К вершинам его самого оптимистического творческого периода относится еще одно большое произведение — Реквием, который частично был написан еще до «Аиды», частично три года спустя. «Libera», заключительная часть, которую он сочинил для задуманного реквиема в память Россини, содержит существенные составные компоненты, которые он смог затем использовать в двух первых частях, «Requiem» и «Dies irae». Сейчас, конечно, нельзя установить, насколько окончательная редакция «Libera» совпадает с первоначальной. За пару лет до того, как Верди снова возобновил работу над Реквиемом, он показал фрагмент своему коллеге Альберто Маццукато, которого высоко ценил. Маццукато с восторгом отозвался о нем и стал советовать Верди завершить произведение. Верди отказался: «Если бы я в моем возрасте мог благопристойно краснеть, Ваши похвалы, которыми Вы засыпали мою работу, наверняка вогнали бы меня в краску. И вот — поглядите, на что способно композиторское честолюбие! — и вот Ваши слова почти пробудили во мне желание в один прекрасный день завершить всю мессу, в особенности потому, что при этом выяснилось бы, что я, за исключением всевозможных расширений, уже скомпоновал «Requiem» и «mes пае», которые вновь повторяются в «Libera». Подумайте только о достойных сожаления последствиях, которые могла вызвать Ваша похвала, и раскайтесь. Но будьте спокойны: это искушение пройдет, как и многие другие. Я не люблю излишеств. Уже есть так много, много заупокойных месс! Нет нужды добавлять к ним еще одну».

Смерть Мандзони, которого Верди почитал — он называл его святым, — дала в конце концов непосредственный толчок к завершению Реквиема. Произведение, подобное этому, конечно же, возвышается над любым внешним поводом, как и над своим литургическим содержанием. По сущности своей это такое же откровение души, как и все, что создал Верди. Здесь произошло то же, что и при работе над операми: вначале было увлечение. Образный язык католической заупокойной мессы дал фантазии Верди все, что ей было нужно, чтобы почерпнуть из глубин душевного переживания нечто очень родственное драматургу. Как и каждому стареющему человеку, ему была знакома мысль о смерти. Он узнал ее по столь многим близко связанным с ним людям. Эта мысль господствует над Реквиемом. Три слова Карлоса из «Силы судьбы» могли бы стать эпиграфом к нему: «Morirl Tremenda cosa!»[281] Так же стихийно, как он перевел эту мысль в чувство, стихийно и ее воздействие. Публика «Ла Скалы» поддалась этому воздействию так, будто это была опера, пришлось повторять на бис «Offertorium», одну из больших ансамблевых частей для четырех сольных голосов. Едва ли было хоть одно исполнение этого произведения, при котором слушатели не были бы в восторге. И тем не менее прошло полстолетия, прежде чем оно заняло в сознании мира то место, которое ему принадлежит, среди самых крупных шедевров этого жанра.
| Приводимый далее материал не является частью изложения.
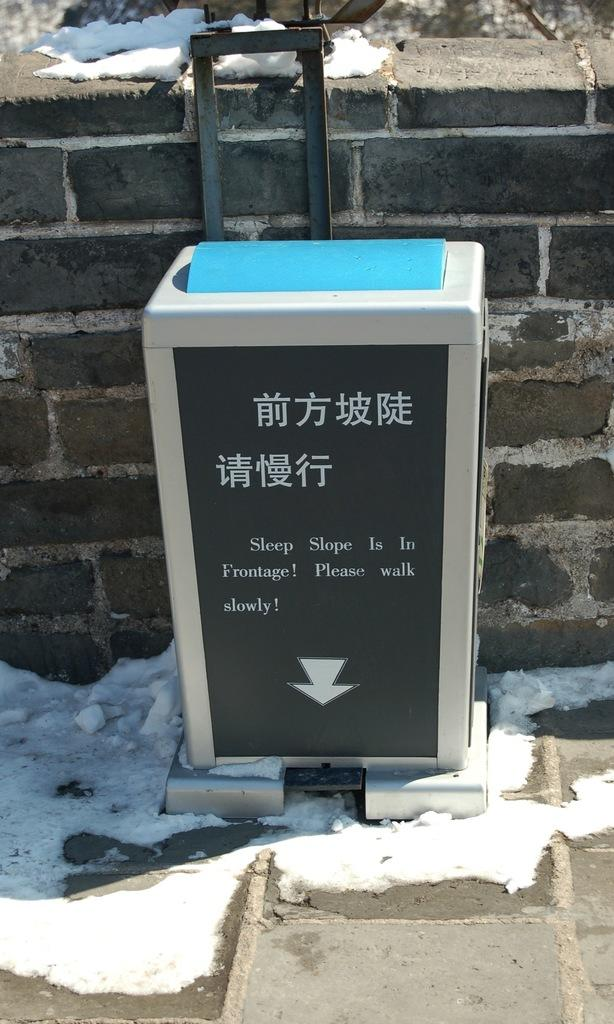<image>
Write a terse but informative summary of the picture. a box like sign telling you to watch your step on the slope sidewalk

Не для критики, а просто для констатации факта скажем: ни один из великих немецких дирижеров того периода, который последовал за вердиевским Реквиемом, — Рихтер, Моттль, Никиш, Малер — не удостоил его своим вниманием. Это выпало на долю дирижеров нашего столетия. Так много времени потребовалось на то, чтобы преодолеть укоренившиеся предубеждения.

Перейти на страницу:

Все книги серии След в истории

Йозеф Геббельс — Мефистофель усмехается из прошлого
Йозеф Геббельс — Мефистофель усмехается из прошлого

Прошло более полувека после окончания второй мировой войны, а интерес к ее событиям и действующим лицам не угасает. Прошлое продолжает волновать, и это верный признак того, что усвоены далеко не все уроки, преподанные историей.Представленное здесь описание жизни Йозефа Геббельса, второго по значению (после Гитлера) деятеля нацистского государства, проливает новый свет на известные исторические события и помогает лучше понять смысл поступков современных политиков и методы работы современных средств массовой информации. Многие журналисты и политики, не считающие возможным использование духовного наследия Геббельса, тем не менее высоко ценят его ораторское мастерство и умение манипулировать настроением «толпы», охотно используют его «открытия» и приемы в обращении с массами, описанные в этой книге.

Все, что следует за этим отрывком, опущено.